*Directions for this task*:
Go to the line in the entries below that holds "Instruction: one 3D" and repeat exactly from there through the line that holds "metal tray [93, 234, 160, 255]", inclusive.

*Extracted data entries*:
--------------------

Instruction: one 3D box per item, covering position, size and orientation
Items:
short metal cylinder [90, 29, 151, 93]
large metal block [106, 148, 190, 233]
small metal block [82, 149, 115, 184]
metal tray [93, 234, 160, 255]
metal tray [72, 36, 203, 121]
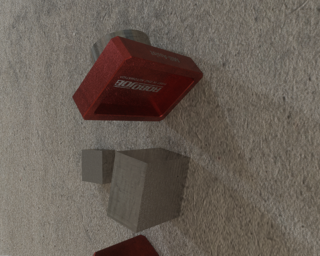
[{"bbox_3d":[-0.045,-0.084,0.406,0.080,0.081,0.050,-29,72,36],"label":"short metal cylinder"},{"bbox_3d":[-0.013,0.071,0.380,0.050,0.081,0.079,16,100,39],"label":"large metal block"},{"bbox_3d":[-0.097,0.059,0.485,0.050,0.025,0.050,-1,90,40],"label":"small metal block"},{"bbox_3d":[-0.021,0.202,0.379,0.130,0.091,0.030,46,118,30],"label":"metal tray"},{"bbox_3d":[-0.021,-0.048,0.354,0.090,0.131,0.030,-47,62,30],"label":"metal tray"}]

--------------------

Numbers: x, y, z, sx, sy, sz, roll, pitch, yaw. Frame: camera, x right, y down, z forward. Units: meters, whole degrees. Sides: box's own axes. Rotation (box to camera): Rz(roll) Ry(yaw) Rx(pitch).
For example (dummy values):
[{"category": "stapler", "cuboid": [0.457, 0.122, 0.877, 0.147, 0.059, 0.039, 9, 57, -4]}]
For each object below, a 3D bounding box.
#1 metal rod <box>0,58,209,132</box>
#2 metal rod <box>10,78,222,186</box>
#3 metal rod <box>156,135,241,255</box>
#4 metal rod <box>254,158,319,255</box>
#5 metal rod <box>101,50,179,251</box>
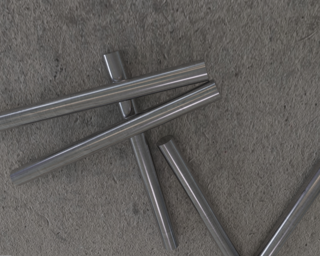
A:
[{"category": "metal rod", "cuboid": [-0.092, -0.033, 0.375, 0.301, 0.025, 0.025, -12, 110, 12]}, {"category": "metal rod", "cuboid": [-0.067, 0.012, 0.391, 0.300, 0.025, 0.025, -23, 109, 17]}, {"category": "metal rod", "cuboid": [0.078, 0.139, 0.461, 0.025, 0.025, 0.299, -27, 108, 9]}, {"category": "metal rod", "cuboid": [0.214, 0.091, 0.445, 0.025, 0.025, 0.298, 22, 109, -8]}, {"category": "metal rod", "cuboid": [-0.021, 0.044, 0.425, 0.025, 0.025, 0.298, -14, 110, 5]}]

--------------------

*Problem solution*:
Instruction: one 3D box per item, covering position, size and orientation
Items:
short metal cylinder [90, 29, 151, 93]
large metal block [106, 148, 190, 233]
small metal block [82, 149, 115, 184]
metal tray [93, 234, 160, 255]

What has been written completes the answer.